IKNL realiseert eerste open source oplossing van de Personal Health Train

Ontwikkelaars en data scientists van IKNL hebben een software-oplossing ontwikkeld voor de Personal Health Train, een manier om te leren van data zonder deze data te verplaatsen. Zo is het mogelijk om complexe algoritmes uit te voeren op data die beheerd worden door verschillende organisaties, waarbij de privacy beschermd is. Daarnaast richtte IKNL een open source community op waardoor andere partijen kunnen deelnemen aan de (door)ontwikkeling van de oplossing of daarvan gebruik kunnen maken. 

4-10-2019 | PERSBERICHT

Het principe van de Personal Health Train (PHT) is dat data niet naar de analyse wordt gebracht, maar de analyse (als treinen) via een technische infrastructuur (de rails) naar de verschillende databronnen (de stations) wordt gebracht.
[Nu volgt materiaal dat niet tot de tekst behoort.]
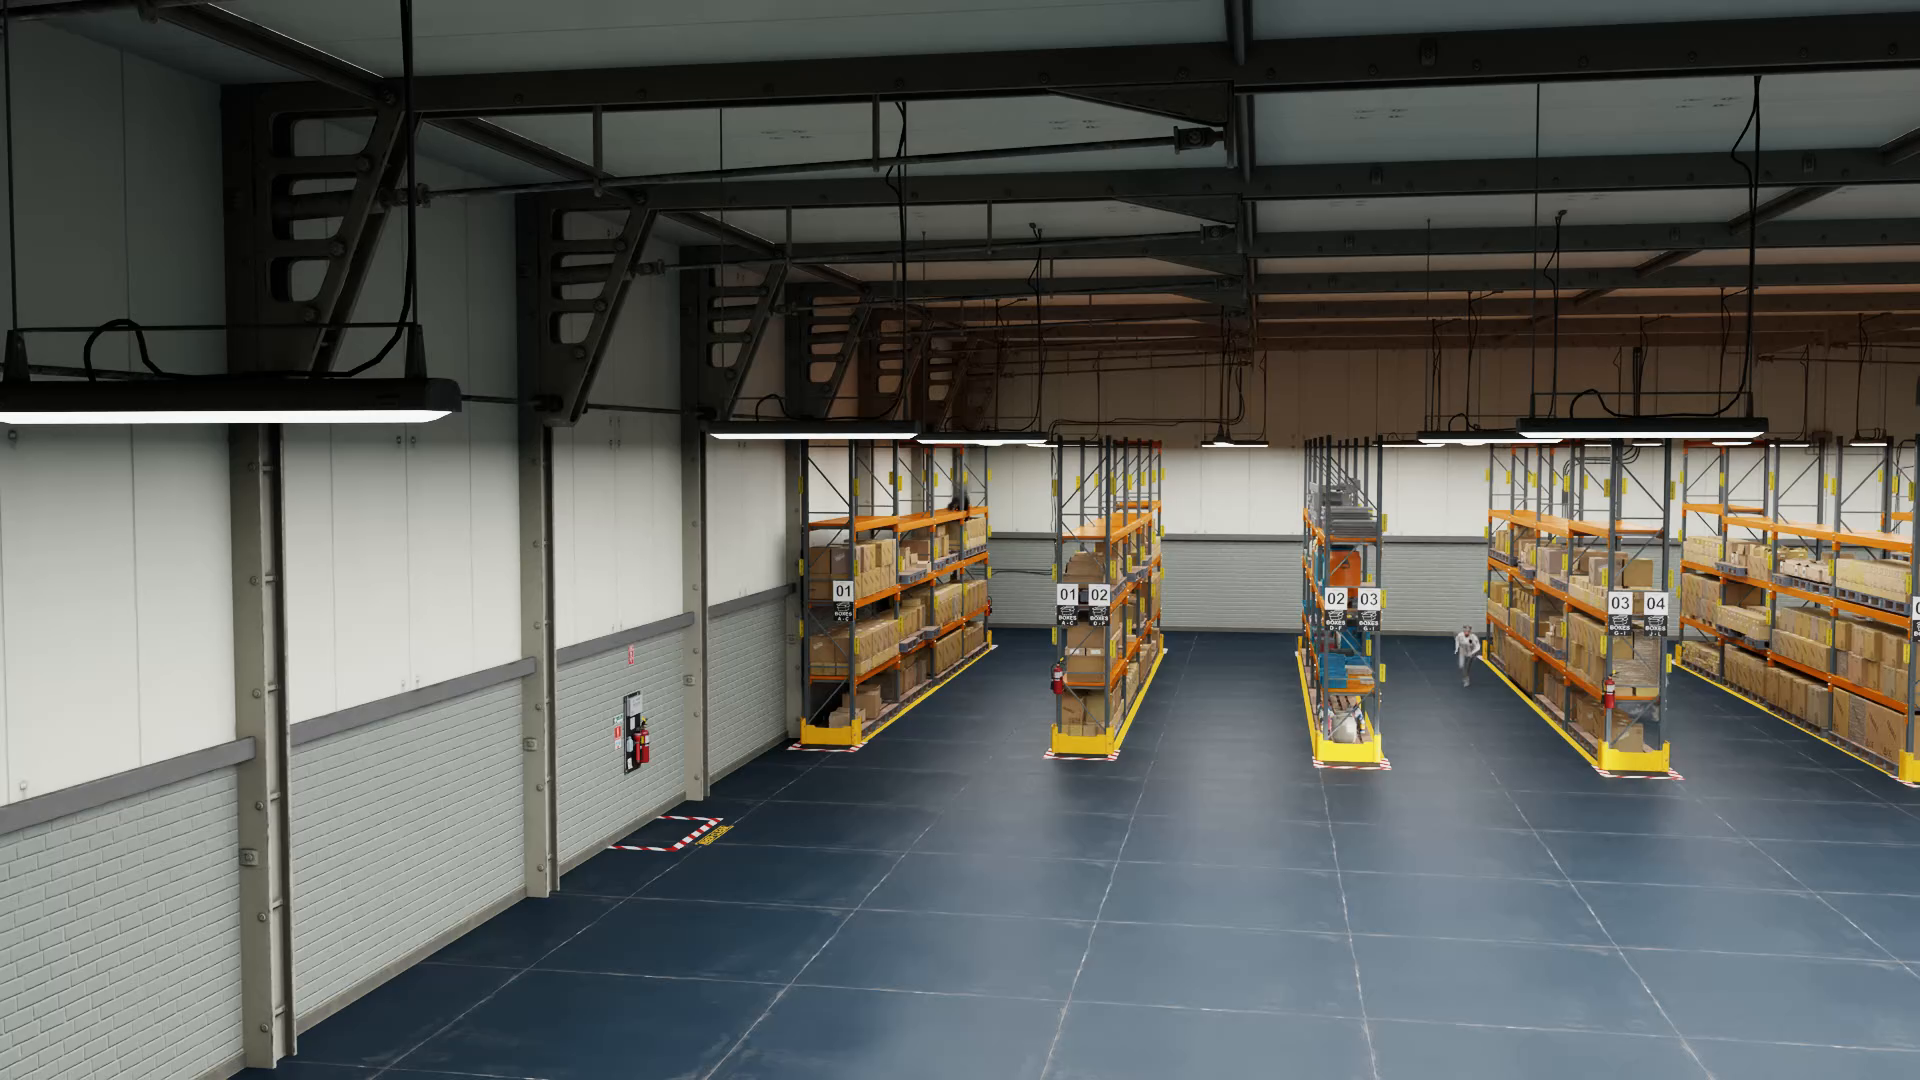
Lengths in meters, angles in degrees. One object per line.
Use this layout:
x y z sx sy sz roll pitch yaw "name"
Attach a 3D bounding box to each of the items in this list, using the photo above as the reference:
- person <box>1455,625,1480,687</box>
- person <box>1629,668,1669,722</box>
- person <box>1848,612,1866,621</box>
12.377 2.790 40.529 0.587 1.513 1.042 1 3 22 "person"
14.627 2.931 35.290 0.769 1.770 0.621 1 3 22 "person"
24.862 2.373 45.970 0.901 1.713 0.564 0 3 -9 "person"
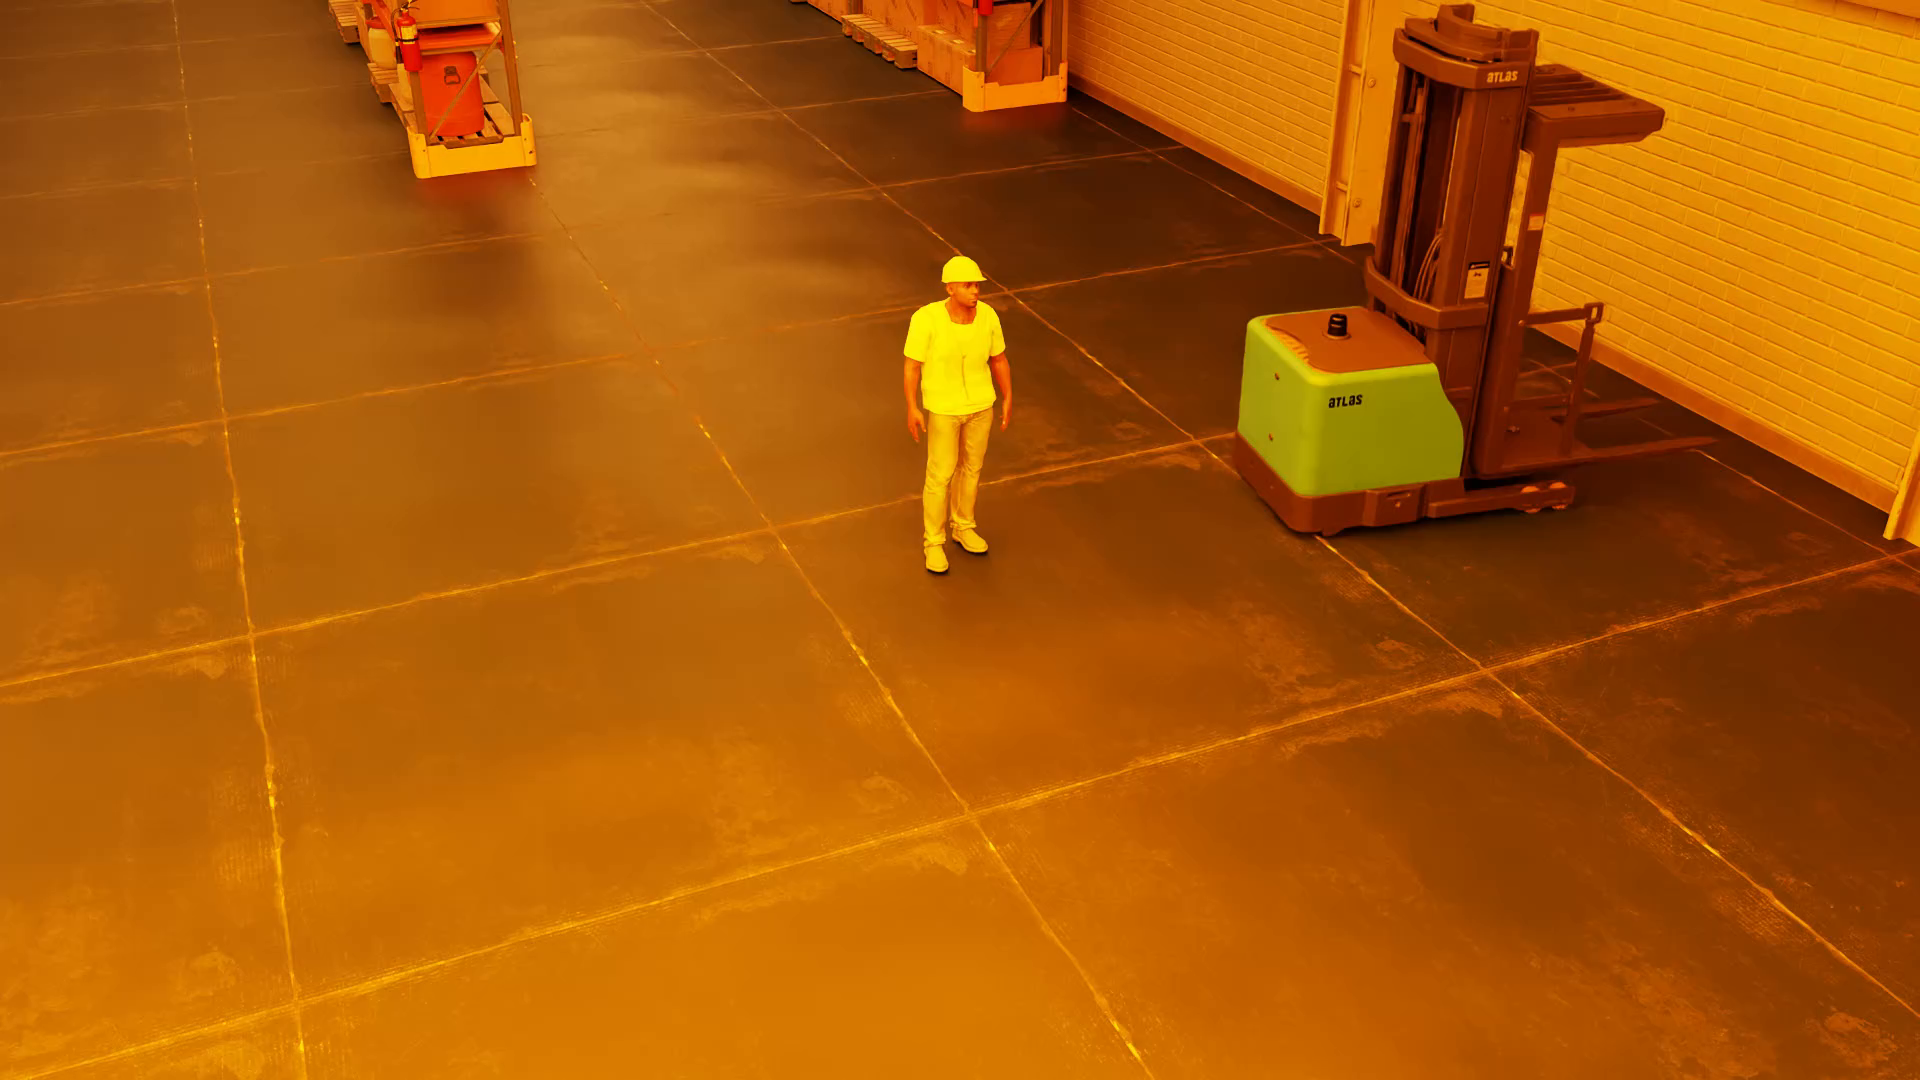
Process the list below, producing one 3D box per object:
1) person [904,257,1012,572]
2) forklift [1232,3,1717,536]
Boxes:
[{"bbox_3d":[0.024,-0.740,9.573,0.666,1.768,0.575,-12,32,-20],"label":"person"},{"bbox_3d":[3.344,-1.686,10.068,3.031,2.935,1.130,-7,31,-13],"label":"forklift"}]
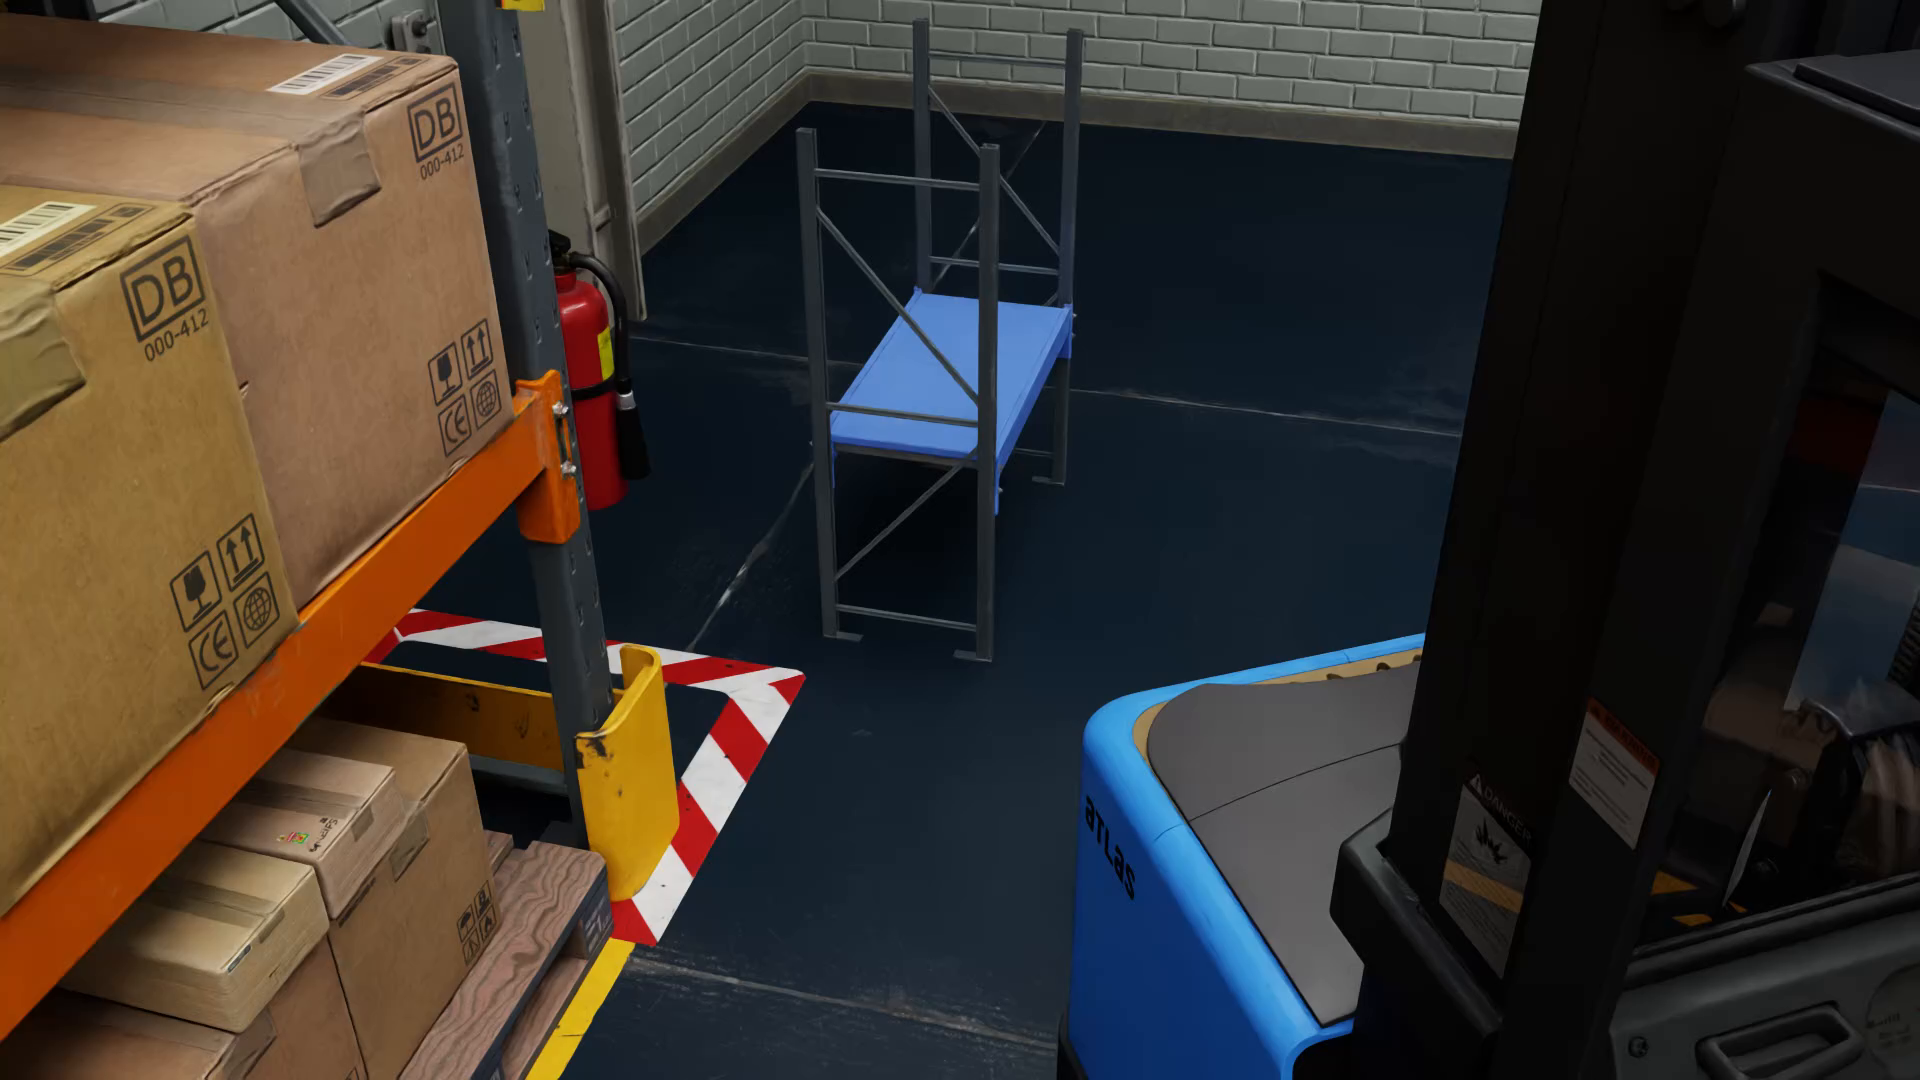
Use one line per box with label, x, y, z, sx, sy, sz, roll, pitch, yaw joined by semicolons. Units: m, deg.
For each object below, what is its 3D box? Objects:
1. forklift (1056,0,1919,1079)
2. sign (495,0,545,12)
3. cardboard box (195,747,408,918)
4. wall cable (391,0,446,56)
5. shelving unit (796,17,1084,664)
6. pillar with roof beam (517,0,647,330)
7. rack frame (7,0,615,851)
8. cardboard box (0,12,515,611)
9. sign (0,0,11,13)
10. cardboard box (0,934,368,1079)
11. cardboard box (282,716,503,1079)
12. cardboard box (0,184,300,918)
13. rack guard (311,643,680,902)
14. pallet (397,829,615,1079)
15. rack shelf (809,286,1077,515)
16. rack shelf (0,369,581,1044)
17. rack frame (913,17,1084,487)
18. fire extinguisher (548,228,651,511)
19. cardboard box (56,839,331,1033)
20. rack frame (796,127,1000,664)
forklift;1.133;0.614;1.553;1.130;2.935;3.031;-10;34;-15
sign;-0.776;-1.070;2.837;0.100;0.325;0.005;8;33;12
cardboard box;-1.235;0.510;2.986;0.380;0.149;0.250;8;33;12
wall cable;-1.888;-1.784;4.314;0.084;1.984;1.851;8;33;12
shelving unit;-0.022;-0.589;4.778;0.538;1.500;1.048;8;33;12
pillar with roof beam;2.715;-4.027;3.196;9.100;9.000;0.400;8;33;12
rack frame;-1.298;-0.562;3.339;1.000;3.000;0.127;8;33;12
cardboard box;-1.418;-0.423;2.840;0.980;0.700;0.700;10;34;15
sign;-1.833;-1.040;3.209;0.100;0.325;0.005;8;33;12
cardboard box;-1.506;0.952;2.895;0.700;0.500;0.500;8;33;12
cardboard box;-1.379;0.692;3.304;0.700;0.500;0.500;8;33;12
cardboard box;-1.591;-0.044;2.243;0.980;0.700;0.700;8;33;12
rack guard;-1.292;0.480;4.029;1.175;0.500;0.348;8;33;12
pallet;-1.425;1.040;3.417;1.003;0.211;1.213;8;33;12
rack shelf;-0.022;-0.437;4.874;0.538;0.185;1.000;8;33;12
rack shelf;-1.805;0.779;1.899;1.077;0.370;4.000;8;33;12
rack frame;0.107;-0.852;5.193;0.500;1.500;0.032;8;33;12
fire extinguisher;-0.813;-0.388;3.484;0.296;0.674;0.183;8;33;12
cardboard box;-1.299;0.643;2.777;0.380;0.149;0.250;9;34;14
rack frame;-0.151;-0.325;4.363;0.500;1.500;0.032;8;33;12

De onderzoeker kan complexe datastudies uitvoeren zonder inzicht te krijgen in gegevens op persoonsniveau.

‘De kwaliteit van de door IKNL ontwikkelde oplossing is inmiddels zo hoog dat MAASTRO Clinic/MUMC+ alsook de Duitse partners van het GO-FAIR PHT implementatienetwerk hebben besloten hun eigen tools in te brengen in de door IKNL opgezette community en gezamenlijk verder te gaan. De Australische personal health train projecten zijn eenzelfde besluit aan het overwegen.’, zegt prof. dr. André Dekker, hoogleraar clinical data science bij Maastricht University en klinisch fysicus bij Maastro Clinic.

NKR en precision medicine

De Nederlandse Kankerregistratie (NKR) bevat data over ziekte, zorg en uitkomsten van de patiënt, ongeacht in welk ziekenhuis de patiënt behandeld is. Hierdoor is de NKR een unieke bron voor onderzoek naar kanker. Naast de NKR zijn er voor onderzoek naar kanker steeds vaker ook data nodig uit andere bronnen. Door voortgang van precision medicine kunnen kankers bijvoorbeeld steeds fijnmaziger gekarakteriseerd worden. Als gevolg daarvan is het aantal patiënten in Nederland met een zeldzaam type of subtype kanker steeds kleiner. Juist voor deze patiënten is het daarom steeds belangrijker om de data uit verschillende landen te kunnen gebruiken voor onderzoek. Het is daarbij cruciaal om de privacy van de patiënt te waarborgen. Door data op nationaal en internationaal niveau slim en veilig te combineren, kunnen we onderzoek naar kanker blijven ondersteunen.

Personal Health Train

Volgens dr. Xander Verbeek, hoofd zorginformatica en innovatie bij IKNL, zijn ‘investeringen in innovatieve ict-oplossingen zoals de personal health train nodig zodat IKNL zijn missie op een verantwoordelijke, duurzame en toekomstbestendige manier te vervullen. Het concept van de personal health train sluit aan bij de uitdagingen waarmee we in onderzoek naar kanker te maken hebben.’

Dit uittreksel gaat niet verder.